Define It!
“I can go out in the trash dumps and gather what man have throwed away and create something beautiful out of it.” (Charlie Lucas)
From Tenant Farmer to Artist
Rather than reconstructing each room with period furnishings, the museum combines oral histories with outsider art, drawings, paintings and yard sculpture done by self-taught artists without formal training. In the South many outsider artists like Mary T. Smith, Mose Tolliver and Black Joe Jackson grew up in Black share cropper families and started making art after some personal tragedy. Many were memory painters who depicted daily events of tenant farming. “I get a lot of my ideas sometime just looking at reality, looking life straight in its face,” as Purvis Young explained. Each artwork, from Hog Killing by Bernice Sims to Milking by Eula Parris, is married to a story, creating an unusual combination of stories and art as one within the rooms domesticated by the Lawsons.
You Were present at the Time
Outsider artists depict all these common events in such vividness that you are convinced you were present at the time. Because Outsider Artists lived firsthand the events they describe, they grasp and convey the full sensory experience and emotion of what they paint. You smell breakfast cooking in Leonard Jones’ Eggs and Bacon or relive the panic of running half a mile and missing the school bus in James Harold Jennings’ Self-Portrait With School Bus. Benny Grinstead carved mules at work that feel more like mules at work than mules at work; you tense at the mule’s tension in Snaking Logs and suffer the utter exhaustion of man and mule in A Pause from Plowing. Jessie LaVon’s depictions of the heat of July, Dog Days of Summer, make you sweat. You fear the full weight of a big bass in the Fish Time by Willie Jinks.
Brutally Honest
Outsider Art is direct, brutally honest, in your face, without pretense. It is generally more emotionally expressive than high art. Unconstrained by academic conventions, “rules” like perspective and pleasing color combinations are ignored in favor of capturing the heart and soul of an event, an animal or an interaction between people. The eyes of the wife in Richard Roebuck’s I Can’t Cook Until You Get in the Wood, Old Mand cut sharply into a penetrating stare at her husband, capturing the essence of marital fury. Many of the works are figurative expressionism, abstracted only as needed to express inner feelings. Outsiders paint outside the lines, beyond the canvas, frame or delimited space as if extending to some yet-to-be-described realm.
The artists seldom seem to be trying to create a “beautiful” object. In this the art is akin to an unstudied post-modernism aesthetic, an unselfconscious act, a part of life. One might read the Bible and paint or sew a scene from a combination of the Biblical description, the local landscape and imagination. Until recently, the art was utterly original. Most artists worked in the isolation of rural or small towns, knowing nothing of other artists or artistic trends. Almost none expected to “market” the stuff they made. It becomes “making art” only after the artist is discovered and consumed. For some artists the work loses authenticity, mass produced for a commercial audience.

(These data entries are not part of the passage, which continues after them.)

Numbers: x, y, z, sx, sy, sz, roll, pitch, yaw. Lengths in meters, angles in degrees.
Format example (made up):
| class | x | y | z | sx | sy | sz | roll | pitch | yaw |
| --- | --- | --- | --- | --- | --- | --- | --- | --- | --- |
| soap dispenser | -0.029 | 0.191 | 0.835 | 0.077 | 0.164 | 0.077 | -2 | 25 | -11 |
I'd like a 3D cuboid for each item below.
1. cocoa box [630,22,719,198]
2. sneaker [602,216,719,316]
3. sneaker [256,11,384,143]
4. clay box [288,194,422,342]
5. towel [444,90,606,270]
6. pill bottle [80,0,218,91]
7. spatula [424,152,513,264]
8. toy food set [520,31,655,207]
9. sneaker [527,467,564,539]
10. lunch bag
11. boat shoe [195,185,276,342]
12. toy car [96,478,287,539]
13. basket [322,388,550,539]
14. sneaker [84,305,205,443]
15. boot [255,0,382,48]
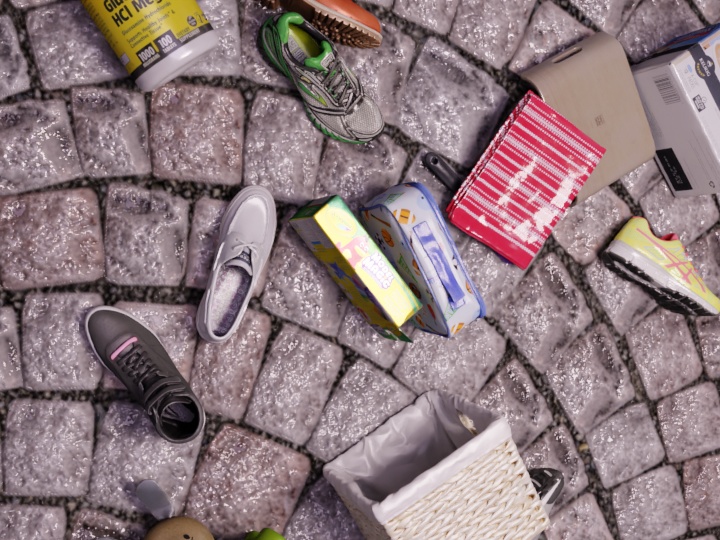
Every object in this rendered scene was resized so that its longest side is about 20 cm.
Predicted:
| class | x | y | z | sx | sy | sz | roll | pitch | yaw |
| --- | --- | --- | --- | --- | --- | --- | --- | --- | --- |
| cocoa box | 0.477 | -0.221 | 1.388 | 0.131 | 0.133 | 0.201 | -34 | 101 | -16 |
| sneaker | 0.439 | -0.005 | 1.411 | 0.200 | 0.078 | 0.091 | 34 | 74 | -18 |
| sneaker | -0.045 | -0.235 | 1.241 | 0.200 | 0.085 | 0.078 | 43 | 78 | -15 |
| clay box | 0.000 | 0.000 | 1.244 | 0.048 | 0.115 | 0.200 | -42 | 103 | -14 |
| towel | 0.219 | -0.116 | 1.325 | 0.144 | 0.022 | 0.200 | 33 | 93 | -18 |
| pill bottle | -0.261 | -0.318 | 1.154 | 0.112 | 0.112 | 0.200 | -37 | 101 | -14 |
| spatula | 0.157 | -0.086 | 1.343 | 0.200 | 0.021 | 0.057 | 43 | 86 | -13 |
| toy food set | 0.313 | -0.207 | 1.381 | 0.143 | 0.060 | 0.201 | -29 | 108 | -16 |
| sneaker | 0.210 | 0.352 | 1.348 | 0.079 | 0.074 | 0.200 | 39 | 85 | -24 |
| lunch bag | 0.079 | -0.010 | 1.246 | 0.075 | 0.160 | 0.201 | -30 | 99 | -15 |
| boat shoe | -0.150 | -0.009 | 1.218 | 0.072 | 0.068 | 0.201 | 26 | 83 | -17 |
| toy car | -0.204 | 0.341 | 1.173 | 0.200 | 0.158 | 0.165 | 39 | 67 | -3 |
| basket | 0.093 | 0.274 | 1.239 | 0.200 | 0.198 | 0.161 | -33 | 105 | -15 |
| sneaker | -0.246 | 0.122 | 1.172 | 0.071 | 0.099 | 0.200 | -40 | 101 | -12 |
| boot | -0.047 | -0.357 | 1.248 | 0.199 | 0.075 | 0.108 | 29 | 77 | -15 |

The Black Outsider Art during Jim Crow symbolically expressed oppression and was quietly revolutionary, but became more “vocal” about discrimination during and after the Civil Rights Movement. Some is art of the resistance. In this way it shares much with Negro folk stories, slavery field songs, southern gospel music and blues. In contrast to music the visual art, until recently, was not recognized as an original contribution to American culture.
Optimism
In most of the work there is an undying optimism in spite of unthinkable tragedies. It is not cynical. It is not pessimistic. It is not dark or foreboding. It is not Art Brut which is also considered Outsider Art. There is no self-pity. Life is what it is, good and bad. The art, like tenant farmers themselves, speaks a subtle truth to power but also simply truth about everyday life. It celebrates the mundane aspects of life. These are visual voices that have critical messages about what really matters. Much is about the past, but more is for the present and future.
Art with a Point
Most of the works in the museum are Outsider Art, but there are other factors in choosing pieces for the museum. The primary criteria is that the art must illustrate the character of Shorty Lawson, illustrate an important story in the life of the Lawson family between 1950 and 1980 or make a point about the racial context of the transition from Jim Crow to the Civil Rights Movement. African-American artists and former tenant farmers were sought out as were artists from North Carolina. Most of the art was made by African-American folk, visionary or outsider artists like Eddie Armstrong, Thornton Dial, Charlie Lucas, Joe Minter, Ruth Robinson, O. L. Samuels, Bernice Sims, Mary T. Smith, Buddy Snipes and Jimmie Lee Sudduth. But some White North Carolina artists captured events particular to the tobacco economy of which Lawson’s family was essential. Interestingly, there are hundreds of depictions of cotton but few of tobacco farming. Works by Benny Carter and Clyde Jones evoke experiences distinctively local. Eula Parris’ paintings show not only harsh everyday life but also how the landscape itself felt. Several works are gifts of Bill Parker, Nate Hester, Charlie Lucas and Joe Minter.